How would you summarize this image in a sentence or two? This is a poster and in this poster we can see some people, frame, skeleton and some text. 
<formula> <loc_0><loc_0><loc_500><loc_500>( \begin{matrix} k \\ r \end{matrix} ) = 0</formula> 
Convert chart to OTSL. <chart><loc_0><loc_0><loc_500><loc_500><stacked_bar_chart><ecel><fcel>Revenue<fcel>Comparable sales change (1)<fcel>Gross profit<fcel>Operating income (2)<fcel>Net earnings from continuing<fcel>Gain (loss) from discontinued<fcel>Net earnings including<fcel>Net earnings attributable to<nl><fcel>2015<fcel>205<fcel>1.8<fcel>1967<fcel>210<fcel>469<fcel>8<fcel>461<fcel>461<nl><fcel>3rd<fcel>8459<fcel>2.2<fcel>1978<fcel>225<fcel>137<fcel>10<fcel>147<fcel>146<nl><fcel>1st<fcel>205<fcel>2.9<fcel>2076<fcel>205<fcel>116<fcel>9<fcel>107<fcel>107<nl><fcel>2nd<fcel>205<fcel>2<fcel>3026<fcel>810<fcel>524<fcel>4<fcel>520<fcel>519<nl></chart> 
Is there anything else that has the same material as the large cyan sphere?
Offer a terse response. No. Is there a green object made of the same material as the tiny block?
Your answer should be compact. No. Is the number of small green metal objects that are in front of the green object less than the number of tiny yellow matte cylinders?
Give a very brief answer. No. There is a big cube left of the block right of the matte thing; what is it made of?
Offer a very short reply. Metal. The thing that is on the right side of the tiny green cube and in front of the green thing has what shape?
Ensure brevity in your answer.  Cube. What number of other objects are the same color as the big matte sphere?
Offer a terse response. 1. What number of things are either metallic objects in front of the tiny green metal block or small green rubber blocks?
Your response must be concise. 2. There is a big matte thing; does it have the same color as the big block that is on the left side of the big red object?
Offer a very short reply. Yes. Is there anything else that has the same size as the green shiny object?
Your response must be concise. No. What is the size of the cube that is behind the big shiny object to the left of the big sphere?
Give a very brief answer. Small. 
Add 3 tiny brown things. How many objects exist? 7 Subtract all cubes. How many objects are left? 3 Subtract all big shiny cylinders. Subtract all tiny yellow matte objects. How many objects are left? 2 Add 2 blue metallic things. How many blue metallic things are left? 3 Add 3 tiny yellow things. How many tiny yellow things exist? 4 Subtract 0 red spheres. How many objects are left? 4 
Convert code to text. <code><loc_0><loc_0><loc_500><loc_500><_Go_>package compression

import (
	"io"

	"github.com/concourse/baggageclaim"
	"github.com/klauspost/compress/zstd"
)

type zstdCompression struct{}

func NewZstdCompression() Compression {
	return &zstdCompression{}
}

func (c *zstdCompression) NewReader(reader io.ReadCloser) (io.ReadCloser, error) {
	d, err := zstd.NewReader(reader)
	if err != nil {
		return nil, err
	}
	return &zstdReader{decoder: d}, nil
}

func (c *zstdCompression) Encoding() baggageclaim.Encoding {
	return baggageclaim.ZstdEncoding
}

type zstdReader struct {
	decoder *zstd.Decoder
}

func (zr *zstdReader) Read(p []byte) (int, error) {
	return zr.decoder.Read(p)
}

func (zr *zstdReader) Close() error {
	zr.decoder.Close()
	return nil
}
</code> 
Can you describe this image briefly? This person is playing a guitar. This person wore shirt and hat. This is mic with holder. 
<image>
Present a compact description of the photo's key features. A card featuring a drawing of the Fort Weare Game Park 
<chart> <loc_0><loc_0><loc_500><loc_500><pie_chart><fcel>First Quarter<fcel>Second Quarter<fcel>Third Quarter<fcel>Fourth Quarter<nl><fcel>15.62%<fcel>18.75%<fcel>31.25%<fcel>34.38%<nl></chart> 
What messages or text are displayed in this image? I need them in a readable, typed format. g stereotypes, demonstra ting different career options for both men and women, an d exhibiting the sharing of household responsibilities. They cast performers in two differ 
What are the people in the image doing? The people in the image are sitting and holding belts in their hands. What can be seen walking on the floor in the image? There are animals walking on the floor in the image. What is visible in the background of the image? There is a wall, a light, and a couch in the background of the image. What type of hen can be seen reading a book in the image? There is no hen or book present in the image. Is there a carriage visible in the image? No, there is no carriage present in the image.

Activity:
Repeat every record, keeping each word and mark exactly as it is.

Solution:
How would you summarize this image in a sentence or two? This is a poster and in this poster we can see some people, frame, skeleton and some text. 
<formula> <loc_0><loc_0><loc_500><loc_500>( \begin{matrix} k \\ r \end{matrix} ) = 0</formula> 
Convert chart to OTSL. <chart><loc_0><loc_0><loc_500><loc_500><stacked_bar_chart><ecel><fcel>Revenue<fcel>Comparable sales change (1)<fcel>Gross profit<fcel>Operating income (2)<fcel>Net earnings from continuing<fcel>Gain (loss) from discontinued<fcel>Net earnings including<fcel>Net earnings attributable to<nl><fcel>2015<fcel>205<fcel>1.8<fcel>1967<fcel>210<fcel>469<fcel>8<fcel>461<fcel>461<nl><fcel>3rd<fcel>8459<fcel>2.2<fcel>1978<fcel>225<fcel>137<fcel>10<fcel>147<fcel>146<nl><fcel>1st<fcel>205<fcel>2.9<fcel>2076<fcel>205<fcel>116<fcel>9<fcel>107<fcel>107<nl><fcel>2nd<fcel>205<fcel>2<fcel>3026<fcel>810<fcel>524<fcel>4<fcel>520<fcel>519<nl></chart> 
Is there anything else that has the same material as the large cyan sphere?
Offer a terse response. No. Is there a green object made of the same material as the tiny block?
Your answer should be compact. No. Is the number of small green metal objects that are in front of the green object less than the number of tiny yellow matte cylinders?
Give a very brief answer. No. There is a big cube left of the block right of the matte thing; what is it made of?
Offer a very short reply. Metal. The thing that is on the right side of the tiny green cube and in front of the green thing has what shape?
Ensure brevity in your answer.  Cube. What number of other objects are the same color as the big matte sphere?
Offer a terse response. 1. What number of things are either metallic objects in front of the tiny green metal block or small green rubber blocks?
Your response must be concise. 2. There is a big matte thing; does it have the same color as the big block that is on the left side of the big red object?
Offer a very short reply. Yes. Is there anything else that has the same size as the green shiny object?
Your response must be concise. No. What is the size of the cube that is behind the big shiny object to the left of the big sphere?
Give a very brief answer. Small. 
Add 3 tiny brown things. How many objects exist? 7 Subtract all cubes. How many objects are left? 3 Subtract all big shiny cylinders. Subtract all tiny yellow matte objects. How many objects are left? 2 Add 2 blue metallic things. How many blue metallic things are left? 3 Add 3 tiny yellow things. How many tiny yellow things exist? 4 Subtract 0 red spheres. How many objects are left? 4 
Convert code to text. <code><loc_0><loc_0><loc_500><loc_500><_Go_>package compression

import (
	"io"

	"github.com/concourse/baggageclaim"
	"github.com/klauspost/compress/zstd"
)

type zstdCompression struct{}

func NewZstdCompression() Compression {
	return &zstdCompression{}
}

func (c *zstdCompression) NewReader(reader io.ReadCloser) (io.ReadCloser, error) {
	d, err := zstd.NewReader(reader)
	if err != nil {
		return nil, err
	}
	return &zstdReader{decoder: d}, nil
}

func (c *zstdCompression) Encoding() baggageclaim.Encoding {
	return baggageclaim.ZstdEncoding
}

type zstdReader struct {
	decoder *zstd.Decoder
}

func (zr *zstdReader) Read(p []byte) (int, error) {
	return zr.decoder.Read(p)
}

func (zr *zstdReader) Close() error {
	zr.decoder.Close()
	return nil
}
</code> 
Can you describe this image briefly? This person is playing a guitar. This person wore shirt and hat. This is mic with holder. 
<image>
Present a compact description of the photo's key features. A card featuring a drawing of the Fort Weare Game Park 
<chart> <loc_0><loc_0><loc_500><loc_500><pie_chart><fcel>First Quarter<fcel>Second Quarter<fcel>Third Quarter<fcel>Fourth Quarter<nl><fcel>15.62%<fcel>18.75%<fcel>31.25%<fcel>34.38%<nl></chart> 
What messages or text are displayed in this image? I need them in a readable, typed format. g stereotypes, demonstra ting different career options for both men and women, an d exhibiting the sharing of household responsibilities. They cast performers in two differ 
What are the people in the image doing? The people in the image are sitting and holding belts in their hands. What can be seen walking on the floor in the image? There are animals walking on the floor in the image. What is visible in the background of the image? There is a wall, a light, and a couch in the background of the image. What type of hen can be seen reading a book in the image? There is no hen or book present in the image. Is there a carriage visible in the image? No, there is no carriage present in the image.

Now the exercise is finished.